Empirical Patterns in Barking Schools

This spatial pattern can also seen when we look at maps of the locations of successful and unsuccessful applicants to popular and less popular schools in Hackney. For example, looking at the figure below (found in Hamnett and Butler 2011) we can see how successful applicants to The Bridge Academy (a popular school) are more tightly clustered around the it than those for Clapton Girls’ Technology College (not such a popular school).

Map of successful and unsuccessful applicants to two schools in Hackney

The geography of this school allocation policy, combined with differences in parents’ circumstances, suggests this issue is a prime candidate for study using agent-based modelling. Agent-based simulation modelling might be useful here because it provides a means to represent interactions between individual actors with different attributes (in this case schools and parents) across space and time. Once the simulation model structure (e.g. rules of interactions between agents) has been established, it can then be used to examine the potential effects of things like opening or closing schools (i.e. changes in external conditions) or changes in school allocation policy rules or parents’ application strategies (i.e. internal model relationships and rules).

I developed an initial ‘model’ as a proof of concept and which you can try out yourself. Things have progressed from that proof of concept model, and the model now represents changes in cohorts of school applicants and pupils through time, including the potential for parents to move house to be more likely to get their child into a desired school.
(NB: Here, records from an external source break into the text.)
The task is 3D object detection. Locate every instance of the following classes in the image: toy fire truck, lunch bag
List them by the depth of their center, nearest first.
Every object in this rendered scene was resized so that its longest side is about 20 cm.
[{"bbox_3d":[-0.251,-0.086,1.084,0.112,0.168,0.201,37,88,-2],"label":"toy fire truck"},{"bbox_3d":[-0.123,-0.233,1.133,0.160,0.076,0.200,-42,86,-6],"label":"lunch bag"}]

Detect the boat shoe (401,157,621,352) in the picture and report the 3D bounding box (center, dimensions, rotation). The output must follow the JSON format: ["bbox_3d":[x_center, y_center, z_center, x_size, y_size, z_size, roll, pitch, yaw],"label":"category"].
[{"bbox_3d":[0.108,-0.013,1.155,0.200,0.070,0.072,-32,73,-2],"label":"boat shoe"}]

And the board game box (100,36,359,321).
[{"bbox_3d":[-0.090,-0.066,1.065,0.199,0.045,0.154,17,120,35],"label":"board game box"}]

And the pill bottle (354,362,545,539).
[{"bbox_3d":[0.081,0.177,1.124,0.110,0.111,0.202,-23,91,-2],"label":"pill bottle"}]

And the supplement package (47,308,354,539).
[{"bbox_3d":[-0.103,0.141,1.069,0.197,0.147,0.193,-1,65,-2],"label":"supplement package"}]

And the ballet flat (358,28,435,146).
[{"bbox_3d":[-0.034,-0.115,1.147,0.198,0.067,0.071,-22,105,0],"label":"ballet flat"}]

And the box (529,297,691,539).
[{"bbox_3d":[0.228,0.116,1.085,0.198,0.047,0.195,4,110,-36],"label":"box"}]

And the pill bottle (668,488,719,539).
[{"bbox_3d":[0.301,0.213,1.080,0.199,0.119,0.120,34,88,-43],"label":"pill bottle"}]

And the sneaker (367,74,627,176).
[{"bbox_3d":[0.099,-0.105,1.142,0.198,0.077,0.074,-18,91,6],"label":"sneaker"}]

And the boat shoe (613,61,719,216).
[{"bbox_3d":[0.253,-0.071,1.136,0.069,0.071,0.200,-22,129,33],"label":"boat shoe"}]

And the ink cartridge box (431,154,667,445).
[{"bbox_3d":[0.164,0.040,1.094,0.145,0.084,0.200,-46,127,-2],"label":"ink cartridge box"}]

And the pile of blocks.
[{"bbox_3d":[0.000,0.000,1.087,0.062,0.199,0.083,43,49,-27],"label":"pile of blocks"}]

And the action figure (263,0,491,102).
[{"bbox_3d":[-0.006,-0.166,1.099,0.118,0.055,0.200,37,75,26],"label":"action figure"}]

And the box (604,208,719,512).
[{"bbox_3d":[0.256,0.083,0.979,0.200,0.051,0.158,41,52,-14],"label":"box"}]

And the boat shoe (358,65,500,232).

In the seminar with the Department of Education guys I presented some ouput from the recent modelling. I showed how the abstract model with relatively few and simple assumptions can start from random conditions to reproduce empirical spatial patterns in school applications and attainment outcomes like those described above (see the figure below)

School model screenshot

I also presented early results from using the simulation model to explore implications of potential policy alternatives (such as closing failing schools). These ideas were generally welcomed in the seminar but there were some interesting questions about the what the model assumptions might entail for maintaining existing policy assumptions and intentions (what we might term the rhetoric of modelling).

I’m exploring some of these questions now, including for example issues of how we define a ‘good’ school and how parents’ school application strategies might change as allocation rules change. These will feed into a research manuscript that I’ll continue to work on with Chris and Tim.